- WHAT YOU NEED TO DO
Transcribe exactly, and without pictures, the lines from the one that contains "7) car [263, 206, 310, 238]" through the last line of the material.
━━━
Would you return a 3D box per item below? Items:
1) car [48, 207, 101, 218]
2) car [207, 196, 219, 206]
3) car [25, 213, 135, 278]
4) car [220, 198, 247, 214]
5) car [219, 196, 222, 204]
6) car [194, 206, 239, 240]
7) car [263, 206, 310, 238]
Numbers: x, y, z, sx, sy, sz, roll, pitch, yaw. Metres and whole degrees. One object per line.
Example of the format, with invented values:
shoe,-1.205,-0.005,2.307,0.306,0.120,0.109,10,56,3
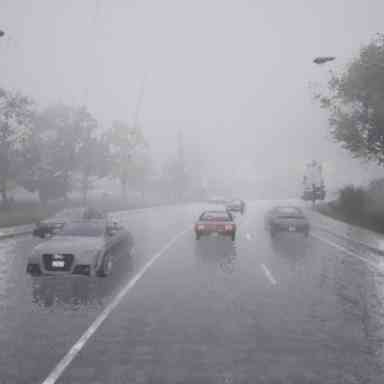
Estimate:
━━━
- SOLUTION TO THIS PROBLEM
7) car [263, 206, 310, 238]
Numbers: x, y, z, sx, sy, sz, roll, pitch, yaw. Metres and whole degrees. One object per line.
Example of the format, with invented values:
shoe,-1.205,-0.005,2.307,0.306,0.120,0.109,10,56,3
Estimate:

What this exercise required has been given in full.